Assisti a Pieces of a woman bastante tempo depois de seu lançamento no Brasil pela Netflix. Isso aconteceu porque o que eu ouvia de amigos cinéfilos sobre ele era algo que não acalmava meu receio de se tratar de mais um filme-fetiche que já vimos tantas vezes – um daqueles filmes que satisfazem o desejo dos diretores de retratar mulheres sofrendo física e psicologicamente.

Em meu temor, sequer tomei a iniciativa de saber algo mais do filme além do fato de que, por ele, Vanessa Kirby levou o Copa Volpi de melhor atriz no Festival de Veneza de 2020. Na verdade, saber qualquer coisa sobre Pieces of a woman já me deixava alerta, mas, após ver o filme, reconheço que eu deveria pelo menos ter checado sua ficha técnica.

pieces of a woman

Se tivesse observado, teria visto que Pieces of a woman é uma realização do diretor húngaro Kornél Mundruczó, que, em dupla com a roteirista também húngara Kata Wéber, é responsável por pelo menos dois outros filmes muito acima da média: Deus branco (2014) e Lua de Júpiter (2017).

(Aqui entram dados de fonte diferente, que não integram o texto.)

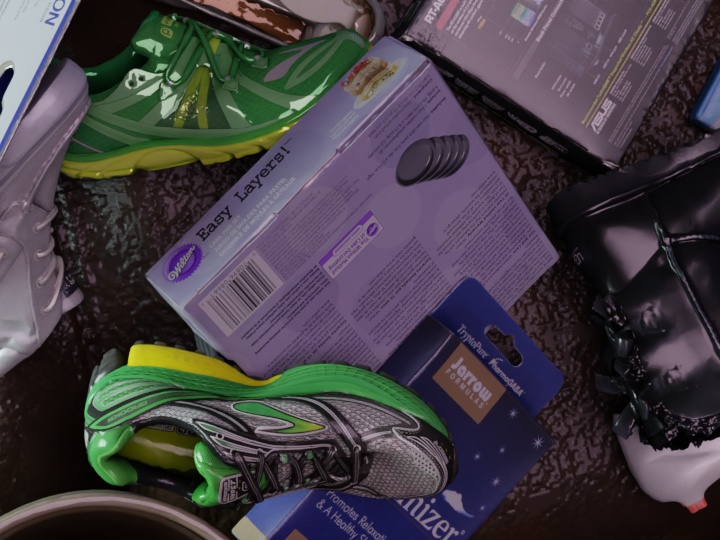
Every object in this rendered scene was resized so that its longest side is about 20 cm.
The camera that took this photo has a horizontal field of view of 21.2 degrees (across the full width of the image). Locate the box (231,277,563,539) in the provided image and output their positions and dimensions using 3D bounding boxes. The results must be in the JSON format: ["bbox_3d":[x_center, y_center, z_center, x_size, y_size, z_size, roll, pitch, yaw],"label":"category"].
[{"bbox_3d":[0.033,0.111,1.111,0.200,0.032,0.121,-49,128,-5],"label":"box"}]

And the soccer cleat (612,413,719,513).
[{"bbox_3d":[0.246,0.066,1.163,0.200,0.069,0.078,-34,92,-6],"label":"soccer cleat"}]

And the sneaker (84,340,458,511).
[{"bbox_3d":[-0.048,0.098,1.008,0.199,0.085,0.078,5,125,0],"label":"sneaker"}]

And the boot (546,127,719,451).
[{"bbox_3d":[0.217,0.004,1.119,0.198,0.073,0.163,-21,77,-8],"label":"boot"}]

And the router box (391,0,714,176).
[{"bbox_3d":[0.130,-0.178,1.147,0.150,0.062,0.200,32,84,-9],"label":"router box"}]

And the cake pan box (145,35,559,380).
[{"bbox_3d":[0.000,0.000,1.082,0.200,0.052,0.184,-47,131,-6],"label":"cake pan box"}]

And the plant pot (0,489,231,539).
[{"bbox_3d":[-0.143,0.211,1.040,0.199,0.174,0.201,0,89,-9],"label":"plant pot"}]

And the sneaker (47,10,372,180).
[{"bbox_3d":[-0.092,-0.106,1.078,0.199,0.074,0.084,-12,113,6],"label":"sneaker"}]

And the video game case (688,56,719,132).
[{"bbox_3d":[0.322,-0.107,1.201,0.200,0.018,0.143,29,85,-8],"label":"video game case"}]

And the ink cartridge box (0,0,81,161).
[{"bbox_3d":[-0.234,-0.097,1.034,0.041,0.200,0.200,32,83,-52],"label":"ink cartridge box"}]

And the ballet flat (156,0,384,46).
[{"bbox_3d":[-0.075,-0.176,1.112,0.200,0.064,0.068,24,85,-8],"label":"ballet flat"}]

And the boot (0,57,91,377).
[{"bbox_3d":[-0.189,-0.019,1.072,0.095,0.074,0.200,37,110,-16],"label":"boot"}]

Agora sabedora desse precedente, posso afirmar que o excepcional filme a que assisti e sobre o qual escrevo agora não é um golpe de sorte. Pelo contrário: é, sim, mais uma obra de uma dupla que já provou estar muito superior ao trivial. Em seu trabalho mais recente, seu diferencial começa pelo engano a que seu título nos leva.

Não confie nas aparências de Pieces of a woman

O título Pieces of a woman – “pedaços de uma mulher” – sugere que a protagonista se fragmenta diante de uma realidade trágica. Apesar disso, o que vemos na tela é outra coisa: vemos as pessoas se desequilibrando em torno de uma mulher que, como Dilma Roussef, as ama, e por isso aceita seu desequilíbrio.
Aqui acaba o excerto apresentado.